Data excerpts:
=== Begin Enclosure ===
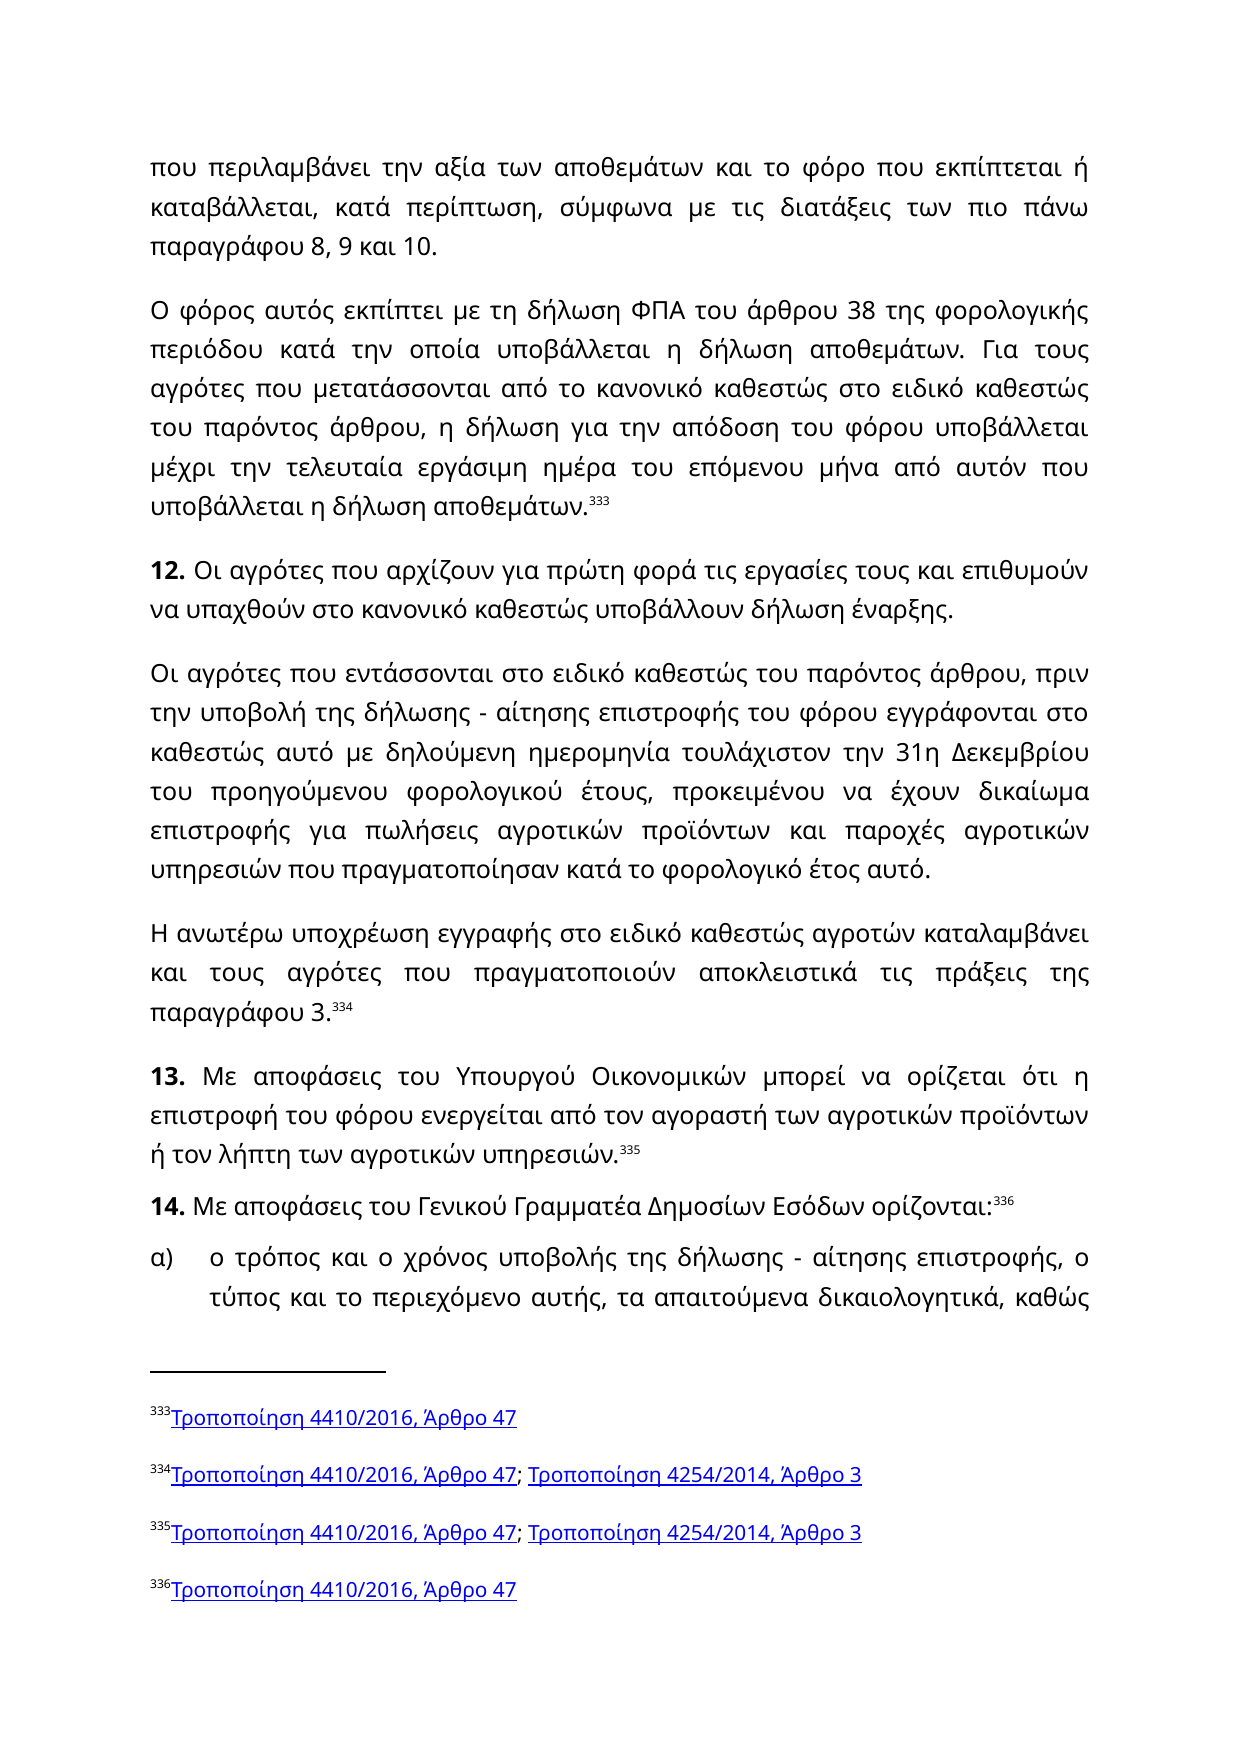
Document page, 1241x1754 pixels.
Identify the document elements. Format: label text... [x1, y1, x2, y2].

text 12. Οι αγρότες που αρχίζουν για πρώτη φορά τις εργασίες τους και επιθυμούν να υπαχθούν στο κανονικό καθεστώς υποβάλλουν δήλωση έναρξης. [150, 552, 1090, 626]
text Τροποποίηση 4410/2016, Άρθρο 47 [150, 1576, 1090, 1604]
text Τροποποίηση 4410/2016, Άρθρο 47; Τροποποίηση 4254/2014, Άρθρο 3 [150, 1460, 1090, 1489]
text Οι αγρότες που εντάσσονται στο ειδικό καθεστώς του παρόντος άρθρου, πριν την υποβολή της δήλωσης - αίτησης επιστροφής του φόρου εγγράφονται στο καθεστώς αυτό με δηλούμενη ημερομηνία τουλάχιστον την 31η Δεκεμβρίου του προηγούμενου φορολογικού έτους, προκειμένου να έχουν δικαίωμα επιστροφής για πωλήσεις αγροτικών προϊόντων και παροχές αγροτικών υπηρεσιών που πραγματοποίησαν κατά το φορολογικό έτος αυτό. [150, 656, 1090, 886]
list α) ο τρόπος και ο χρόνος υποβολής της δήλωσης - αίτησης επιστροφής, ο τύπος και το περιεχόμενο αυτής, τα απαιτούμενα δικαιολογητικά, καθώς [150, 1240, 1090, 1313]
text που περιλαμβάνει την αξία των αποθεμάτων και το φόρο που εκπίπτεται ή καταβάλλεται, κατά περίπτωση, σύμφωνα με τις διατάξεις των πιο πάνω παραγράφου 8, 9 και 10. [150, 150, 1090, 262]
text 13. Με αποφάσεις του Υπουργού Οικονομικών μπορεί να ορίζεται ότι η επιστροφή του φόρου ενεργείται από τον αγοραστή των αγροτικών προϊόντων ή τον λήπτη των αγροτικών υπηρεσιών. [150, 1058, 1090, 1171]
text Η ανωτέρω υποχρέωση εγγραφής στο ειδικό καθεστώς αγροτών καταλαμβάνει και τους αγρότες που πραγματοποιούν αποκλειστικά τις πράξεις της παραγράφου 3. [150, 916, 1090, 1028]
text Τροποποίηση 4410/2016, Άρθρο 47 [150, 1403, 1090, 1431]
text Τροποποίηση 4410/2016, Άρθρο 47; Τροποποίηση 4254/2014, Άρθρο 3 [150, 1518, 1090, 1546]
text Ο φόρος αυτός εκπίπτει με τη δήλωση ΦΠΑ του άρθρου 38 της φορολογικής περιόδου κατά την οποία υποβάλλεται η δήλωση αποθεμάτων. Για τους αγρότες που μετατάσσονται από το κανονικό καθεστώς στο ειδικό καθεστώς του παρόντος άρθρου, η δήλωση για την απόδοση του φόρου υποβάλλεται μέχρι την τελευταία εργάσιμη ημέρα του επόμενου μήνα από αυτόν που υποβάλλεται η δήλωση αποθεμάτων. [150, 292, 1090, 522]
text 14. Με αποφάσεις του Γενικού Γραμματέα Δημοσίων Εσόδων ορίζονται: [150, 1188, 1090, 1222]
=== End Enclosure ===
# [Task prompt]
Once the pictures are set aside, repeat each entry exactly as it stands.

# [Written response]
Document page, 1241x1754 pixels.
Identify the document elements. Format: label text... [x1, y1, x2, y2].

text 12. Οι αγρότες που αρχίζουν για πρώτη φορά τις εργασίες τους και επιθυμούν να υπαχθούν στο κανονικό καθεστώς υποβάλλουν δήλωση έναρξης. [150, 552, 1090, 626]
text Τροποποίηση 4410/2016, Άρθρο 47 [150, 1576, 1090, 1604]
text Τροποποίηση 4410/2016, Άρθρο 47; Τροποποίηση 4254/2014, Άρθρο 3 [150, 1460, 1090, 1489]
text Οι αγρότες που εντάσσονται στο ειδικό καθεστώς του παρόντος άρθρου, πριν την υποβολή της δήλωσης - αίτησης επιστροφής του φόρου εγγράφονται στο καθεστώς αυτό με δηλούμενη ημερομηνία τουλάχιστον την 31η Δεκεμβρίου του προηγούμενου φορολογικού έτους, προκειμένου να έχουν δικαίωμα επιστροφής για πωλήσεις αγροτικών προϊόντων και παροχές αγροτικών υπηρεσιών που πραγματοποίησαν κατά το φορολογικό έτος αυτό. [150, 656, 1090, 886]
list α) ο τρόπος και ο χρόνος υποβολής της δήλωσης - αίτησης επιστροφής, ο τύπος και το περιεχόμενο αυτής, τα απαιτούμενα δικαιολογητικά, καθώς [150, 1240, 1090, 1313]
text που περιλαμβάνει την αξία των αποθεμάτων και το φόρο που εκπίπτεται ή καταβάλλεται, κατά περίπτωση, σύμφωνα με τις διατάξεις των πιο πάνω παραγράφου 8, 9 και 10. [150, 150, 1090, 262]
text 13. Με αποφάσεις του Υπουργού Οικονομικών μπορεί να ορίζεται ότι η επιστροφή του φόρου ενεργείται από τον αγοραστή των αγροτικών προϊόντων ή τον λήπτη των αγροτικών υπηρεσιών. [150, 1058, 1090, 1171]
text Η ανωτέρω υποχρέωση εγγραφής στο ειδικό καθεστώς αγροτών καταλαμβάνει και τους αγρότες που πραγματοποιούν αποκλειστικά τις πράξεις της παραγράφου 3. [150, 916, 1090, 1028]
text Τροποποίηση 4410/2016, Άρθρο 47 [150, 1403, 1090, 1431]
text Τροποποίηση 4410/2016, Άρθρο 47; Τροποποίηση 4254/2014, Άρθρο 3 [150, 1518, 1090, 1546]
text Ο φόρος αυτός εκπίπτει με τη δήλωση ΦΠΑ του άρθρου 38 της φορολογικής περιόδου κατά την οποία υποβάλλεται η δήλωση αποθεμάτων. Για τους αγρότες που μετατάσσονται από το κανονικό καθεστώς στο ειδικό καθεστώς του παρόντος άρθρου, η δήλωση για την απόδοση του φόρου υποβάλλεται μέχρι την τελευταία εργάσιμη ημέρα του επόμενου μήνα από αυτόν που υποβάλλεται η δήλωση αποθεμάτων. [150, 292, 1090, 522]
text 14. Με αποφάσεις του Γενικού Γραμματέα Δημοσίων Εσόδων ορίζονται: [150, 1188, 1090, 1222]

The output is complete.